糖尿病・代謝内科とは

糖尿病・代謝内科

当診療科では、糖尿病をはじめ、脂質異常症、高尿酸血症など代謝性疾患の診察・検査・治療を行っています。これらは、いずれも生活習慣病とされているもので、発症初期は自覚症状がほぼ現れないことが特徴の病気でもあります。そのため、病状を進行させるなどして、動脈硬化を引き起こし、やがて狭心症や心筋梗塞、脳卒中(脳出血、脳梗塞)など重篤の合併症を発症してから気づくというケースも少なくありません。
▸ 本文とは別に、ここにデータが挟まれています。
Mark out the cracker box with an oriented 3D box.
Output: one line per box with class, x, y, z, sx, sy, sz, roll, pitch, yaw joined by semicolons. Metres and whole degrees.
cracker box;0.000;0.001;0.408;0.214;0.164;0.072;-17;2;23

このような状況にならないためには、定期的に健康診断を受け、その結果が出た際に、血糖値、コレステロール値、血清尿酸値といった数値を確認し、医師からこれらの数値の異常を指摘されたら一度ご受診ください。診察の結果、これら生活習慣病を発症していることが確認されれば速やかに治療が行われますが、発症は確認されなかったものの、その予備軍であると指摘を受けた方につきましても予防のための治療というのも行っています。

当診療科の主な対象疾患

糖尿病

血液にはブドウ糖が含まれており、その濃度のことを血糖値と言います。この血糖値が慢性的に高い状態が糖尿病です。通常であれば、ブドウ糖は細胞に取り込まれるなどしてエネルギー源となるものですが、これが何らかの原因によって取り込まれなくなって血液中でダブついてしまっているのです。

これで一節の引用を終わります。